Vienna, the former capital of the Austro-Hungarian empire, was a hotbed of innovation in the years around the turn of the century. Sigmund Freud, Gustav Mahler, Arnold Schonberg, Egon Schiele and Gustav Klimt were all at work, as were the architects and designers who clubbed together in 1903 to found the famous Viennese craft workshop known as the Wiener Werkstatte.

While the rejection of Victorian clutter in favour of the clear, clean lines associated with modernism was an international trend, the Wiener Werkstatte represents the first full flowering of the style.

The architect Otto Wagner (1841-1918) is regarded as the father figure of the movement. He began his career designing buildings in the conventional revivalist styles of the period, but had a blinding conversion. His building for Vienna's central post office is often hailed as a key forerunner of modernist design. Sotheby's sold one of the desks he designed for the post office in September 1993 for pounds 40,700 - a wild price; they have another in next week's sale estimated at pounds 15,000-pounds 20,000. It is made from stained and polished beechwood with aluminium trimmings and dates from 1904.

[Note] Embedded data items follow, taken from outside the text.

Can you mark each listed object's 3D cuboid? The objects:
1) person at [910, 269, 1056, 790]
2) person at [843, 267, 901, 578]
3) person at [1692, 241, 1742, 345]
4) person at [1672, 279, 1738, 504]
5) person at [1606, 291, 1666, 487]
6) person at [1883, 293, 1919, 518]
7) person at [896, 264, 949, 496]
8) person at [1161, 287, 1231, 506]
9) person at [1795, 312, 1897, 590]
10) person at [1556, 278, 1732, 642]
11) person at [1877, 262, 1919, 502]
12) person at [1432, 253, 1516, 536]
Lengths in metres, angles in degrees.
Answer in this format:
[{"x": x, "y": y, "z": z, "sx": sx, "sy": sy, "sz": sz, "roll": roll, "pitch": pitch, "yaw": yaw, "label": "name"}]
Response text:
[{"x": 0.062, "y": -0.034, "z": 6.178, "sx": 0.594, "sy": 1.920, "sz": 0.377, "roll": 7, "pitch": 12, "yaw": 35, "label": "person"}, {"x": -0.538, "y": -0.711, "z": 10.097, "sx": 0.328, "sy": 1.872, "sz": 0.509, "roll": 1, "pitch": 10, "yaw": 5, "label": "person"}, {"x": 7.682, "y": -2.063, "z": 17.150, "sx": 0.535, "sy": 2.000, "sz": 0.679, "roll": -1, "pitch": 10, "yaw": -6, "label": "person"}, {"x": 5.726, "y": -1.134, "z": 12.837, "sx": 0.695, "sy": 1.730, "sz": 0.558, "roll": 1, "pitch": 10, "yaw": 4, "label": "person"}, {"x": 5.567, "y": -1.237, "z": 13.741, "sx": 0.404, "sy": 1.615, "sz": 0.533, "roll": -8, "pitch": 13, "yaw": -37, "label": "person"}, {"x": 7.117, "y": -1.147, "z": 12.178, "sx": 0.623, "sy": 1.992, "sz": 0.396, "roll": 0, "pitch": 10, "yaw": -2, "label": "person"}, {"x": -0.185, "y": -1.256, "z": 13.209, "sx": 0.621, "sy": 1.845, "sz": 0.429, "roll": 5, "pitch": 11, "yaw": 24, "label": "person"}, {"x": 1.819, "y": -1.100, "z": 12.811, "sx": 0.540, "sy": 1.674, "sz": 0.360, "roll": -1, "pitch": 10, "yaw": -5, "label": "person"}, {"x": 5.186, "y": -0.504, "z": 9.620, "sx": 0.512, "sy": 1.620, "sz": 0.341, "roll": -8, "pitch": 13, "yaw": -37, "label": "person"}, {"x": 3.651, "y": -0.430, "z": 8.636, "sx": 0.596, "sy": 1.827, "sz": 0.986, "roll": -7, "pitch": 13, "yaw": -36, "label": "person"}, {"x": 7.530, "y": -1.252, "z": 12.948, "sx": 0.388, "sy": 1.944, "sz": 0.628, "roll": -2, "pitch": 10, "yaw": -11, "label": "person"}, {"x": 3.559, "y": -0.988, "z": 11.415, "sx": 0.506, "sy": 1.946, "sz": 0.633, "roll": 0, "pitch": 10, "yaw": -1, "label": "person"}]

The sensation of the sale, from a scholarly point of view, is the furniture that Wagner designed two years earlier for the offices of Die Zeit newspaper. This was the first fully fledged explosion of functional modernist design and, until this sale, was not thought to be still in existence. The sale includes bentwood chairs (pounds 20,000-pounds 30,000 the pair) and stools (pounds 10,000-pounds 15,000 a pair), the arms strengthened with aluminium strips and the feet with aluminium sabots. There is a table with a functional oak top and nickel-plated tubular metal legs (pounds 30,000-pounds 40,000). There is a wooden reception desk (pounds 4,000-pounds 6,000) - which looks like hundreds of other reception desks in rather old-fashioned offices all over the world but is, of course, the prototype.

The Wiener Werkstatte proper was founded by one of Wagner's pupils, Josef Hoffmann (1870-1956), and the designer Koloman Moser (1868-1918), who taught at the Vienna craft college (Kunstgewerbeschule). They were bankrolled by Fritz Waerndorfer (1867-1939), a wealthy connoisseur who travelled widely for his family's textile business. The first workshop in place was for metalworking and was followed by cabinet making, book binding and other crafts. It was organised on socialist principles, with designers and craftsmen working as equals.

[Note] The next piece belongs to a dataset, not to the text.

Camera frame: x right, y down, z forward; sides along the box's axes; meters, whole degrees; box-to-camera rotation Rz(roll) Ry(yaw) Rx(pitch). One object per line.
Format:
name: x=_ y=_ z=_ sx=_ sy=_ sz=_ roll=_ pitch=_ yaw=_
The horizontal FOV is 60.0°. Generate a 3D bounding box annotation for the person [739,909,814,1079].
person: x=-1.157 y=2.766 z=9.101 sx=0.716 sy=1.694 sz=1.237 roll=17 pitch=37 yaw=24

In their 1905 'working programme' Hoffmann and Moser said the aim of the workshop was 'to give comfort to all those who accept the message of Ruskin and Morris . . . We wish to establish intimate contact between public, designer and craftsman and to produce good, simple domestic requisites. We start from the purpose in hand, usefulness is our first requirement, and our strength has to lie in good proportions and materials well handled.'

They were in close touch with Charles Rennie Mackintosh in Glasgow, who had exhibited with the avant-garde Vienna Secession group in 1900 and designed a music room for Waerendorfer. 'I have the greatest possible sympathy for your latest idea and regard it as simply brilliant,' he wrote to Waerendorfer, urging him on to tackle 'the greatest task which can be accomplished in this century: namely the production of all objects of daily use in such a marvellous form and at such a price that they lie within the reach of the poorest, and in such quantities that the ordinary man in the street is forced to buy them, because he cannot get anything else, and because he will soon not wish to buy anything else'.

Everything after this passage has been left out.